Corn yield, Florida orange production provide surprise in crop reports

There were at least two big surprises from today’s USDA crop reports – record projected corn yields and less-than-expected hurricane damage to the Florida orange crop. That’s according to John Newton, director of market intelligence for the American Farm Bureau Federation.

In its monthly Crop Production report, USDA estimates the national corn yield at 175.4 bushels per acre, up 3.6 bushels from the October forecast and up 0.8 bushel from 2016. If realized, this would be the highest average yield ever and produce a crop of nearly 14.6 billion bushels, down 4 percent from last year’s record but up 2 percent from the October forecast.

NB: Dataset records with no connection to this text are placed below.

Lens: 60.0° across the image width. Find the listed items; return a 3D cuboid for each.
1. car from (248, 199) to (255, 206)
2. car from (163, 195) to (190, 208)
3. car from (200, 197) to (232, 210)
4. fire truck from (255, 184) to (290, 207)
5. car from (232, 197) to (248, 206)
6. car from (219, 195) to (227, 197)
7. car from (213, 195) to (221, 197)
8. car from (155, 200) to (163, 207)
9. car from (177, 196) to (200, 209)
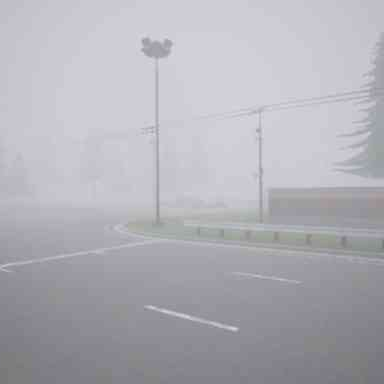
[{"bbox_3d":[13.093,1.781,62.363,2.128,1.511,4.902,-1,-1,39],"label":"car"},{"bbox_3d":[-1.741,1.587,54.220,2.150,2.045,5.566,-1,-1,36],"label":"car"},{"bbox_3d":[3.565,1.814,49.637,1.812,1.442,4.674,-1,0,36],"label":"car"},{"bbox_3d":[14.693,0.593,58.909,2.891,3.827,8.468,-1,0,36],"label":"fire truck"},{"bbox_3d":[10.186,1.927,64.435,1.895,1.301,4.718,-1,0,39],"label":"car"},{"bbox_3d":[7.987,1.866,67.382,1.837,1.490,4.892,-1,-1,40],"label":"car"},{"bbox_3d":[5.501,1.627,69.825,2.150,2.045,5.566,-1,0,37],"label":"car"},{"bbox_3d":[-4.257,1.877,56.695,1.882,1.535,5.008,-1,-1,36],"label":"car"},{"bbox_3d":[0.447,1.816,51.290,2.128,1.511,4.902,-1,0,36],"label":"car"}]
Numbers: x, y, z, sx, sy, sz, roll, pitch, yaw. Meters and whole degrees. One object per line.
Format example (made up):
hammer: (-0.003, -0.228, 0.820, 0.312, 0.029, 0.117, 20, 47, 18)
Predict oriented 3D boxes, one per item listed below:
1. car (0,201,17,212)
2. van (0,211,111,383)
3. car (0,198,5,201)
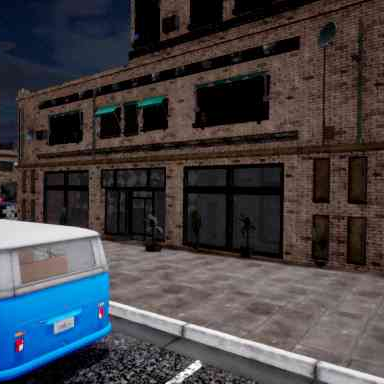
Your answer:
car: (-16.147, 1.793, 31.289, 1.947, 1.339, 4.313, 0, 0, 36)
van: (-3.021, 1.340, 5.016, 3.998, 1.788, 1.690, 0, 1, 36)
car: (-20.082, 1.712, 35.707, 1.994, 1.385, 4.181, 1, 0, 36)
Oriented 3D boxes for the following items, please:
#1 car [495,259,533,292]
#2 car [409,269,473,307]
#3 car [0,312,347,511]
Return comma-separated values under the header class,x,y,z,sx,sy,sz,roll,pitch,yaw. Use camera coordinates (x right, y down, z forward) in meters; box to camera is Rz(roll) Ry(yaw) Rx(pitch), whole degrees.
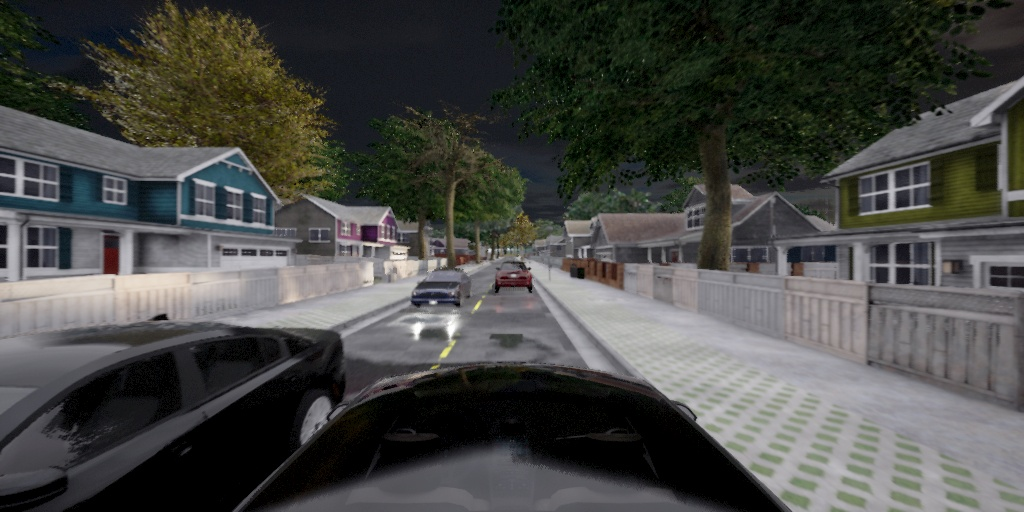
class,x,y,z,sx,sy,sz,roll,pitch,yaw
car,0.097,1.071,21.370,2.097,1.767,4.553,0,0,0
car,-2.817,1.281,15.528,2.033,1.411,5.357,0,0,0
car,-2.826,1.227,2.049,1.882,1.535,5.008,0,0,0

“That yield figure was a really big surprise,” Newton said in a phone interview, especially after the stress the crop experienced from drought early in the growing season in parts of the Midwest. “Folks were expecting yield numbers around 172 or 173 bushels,” he said.

“The challenge now is, what are we going to do with all that corn?”

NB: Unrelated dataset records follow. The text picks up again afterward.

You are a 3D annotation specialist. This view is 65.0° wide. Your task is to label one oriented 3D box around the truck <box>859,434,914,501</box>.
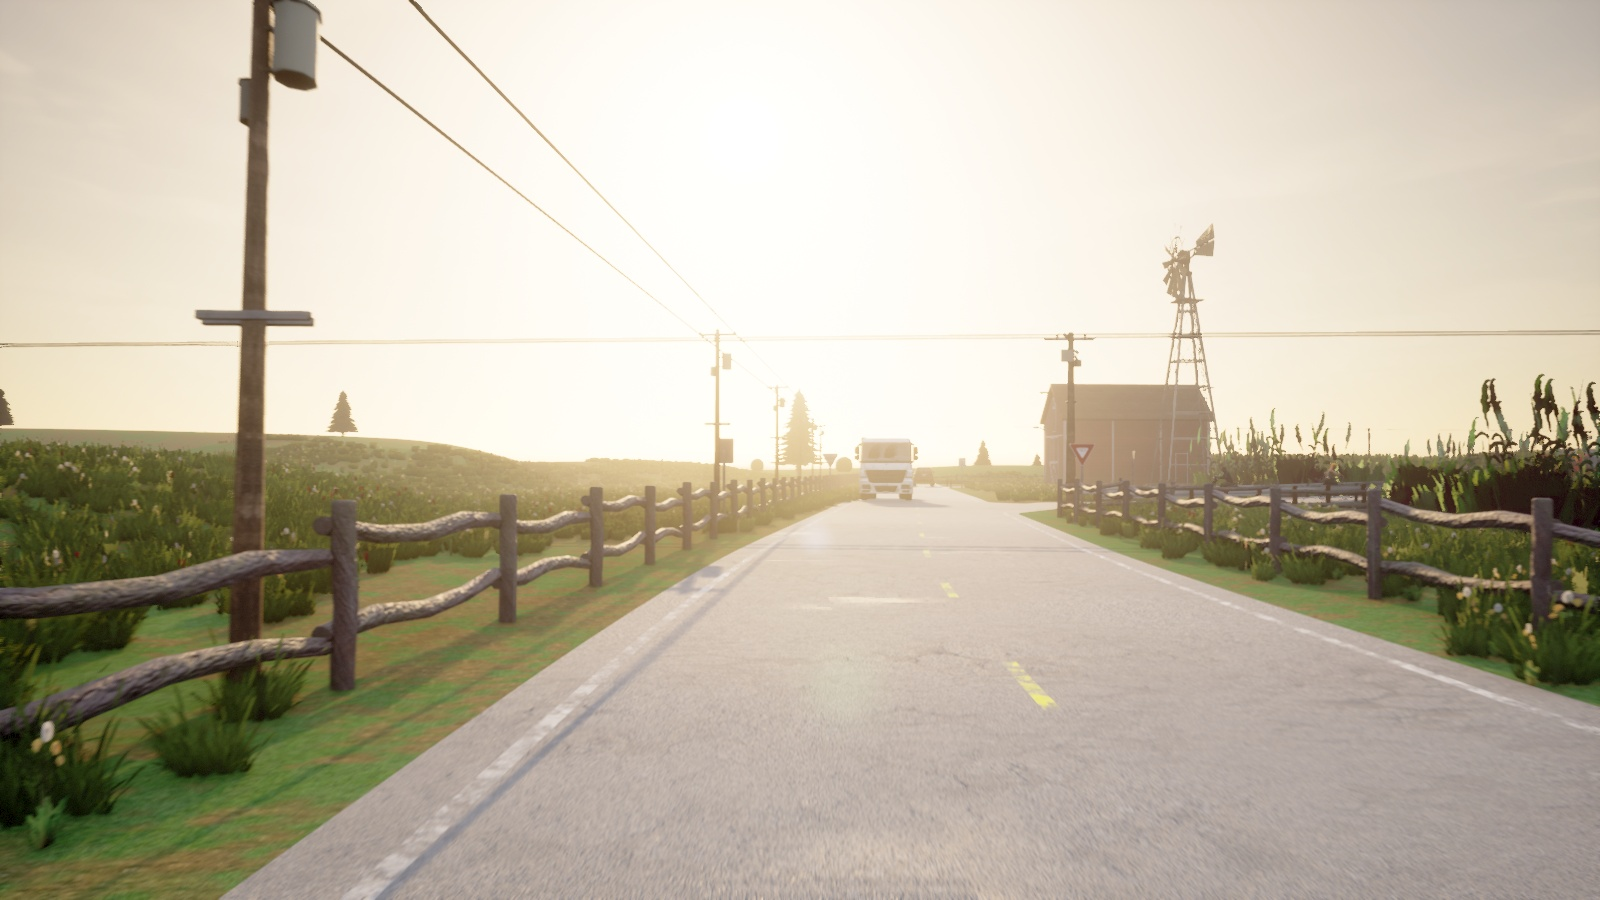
[{"bbox_3d":[4.885,0.985,69.983,2.891,3.462,7.936,0,-1,5],"label":"truck"}]
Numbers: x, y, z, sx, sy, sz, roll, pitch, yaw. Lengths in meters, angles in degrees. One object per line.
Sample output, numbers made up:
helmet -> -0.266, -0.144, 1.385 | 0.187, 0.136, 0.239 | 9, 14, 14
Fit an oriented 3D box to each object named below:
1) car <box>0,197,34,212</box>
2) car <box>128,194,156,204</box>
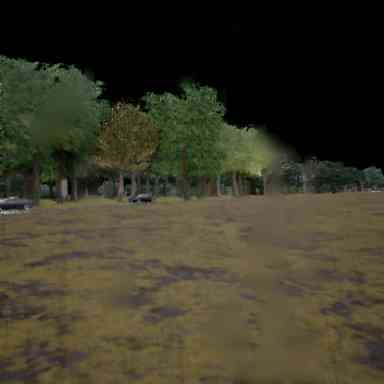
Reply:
car -> -19.537, 1.370, 35.547 | 1.837, 1.490, 4.892 | -3, 0, 35
car -> -7.812, 1.034, 51.962 | 1.882, 1.535, 5.008 | -3, -1, 36

Newton also said USDA’s estimate of the Florida orange crop came in bigger than many expected, at 50 million boxes. That number is down from 54 million boxes projected last month, in the first USDA estimate after Irma struck in September. And, if realized, it would be the lowest production from the Sunshine State since the end of World War II. Still, it’s bigger than many were anticipating.

“Early estimates were that 70 percent of the crop may have been destroyed,” Newton said, adding that some analysts were predicting crop estimates of 30 million to 40 million boxes.

After USDA’s October report, Florida Citrus Mutual, the state’s largest growers association, questioned the government’s estimate, saying it was made too soon after the storm and was probably too high.

“The agency could not accurately account for the full extent of the catastrophic damage from Hurricane Irma,” the organization said last month. “Historically, the USDA has a high margin of error in crop years with a natural disaster.”

Other highlights from the Crop Production report and the World Agriculture Supply and Demand Estimates (WASDE), which was also released Thursday:

-SOYBEANS: USDA says the soybean harvest will total 4.425 billion bushels, down 5 million bushels due to a fractionally lower yield, but still a record. Ending stocks are projected at 425 million bushels. The season-average price is projected at $9.30 a bushel, up 10 cents at the mid-point.

-WHEAT: Projected ending stocks were lowered 25 billion bushels due to increased exports (to 1 billion bushels), supported by recent sales to Iraq. The estimate for all-wheat production for the 2017-2018 crop year was left unchanged from October at 1.741 billion bushels.

-COTTON: The U.S. production forecast was raised 1 percent to 21.4 million bales, as a smaller crop in the West is more than offset by gains in the Southwest and other regions. U.S. ending stocks are seen at 6.1 million bales, up 300,000 bales, and, at 34 percent, at their highest share of use since 2008/2009.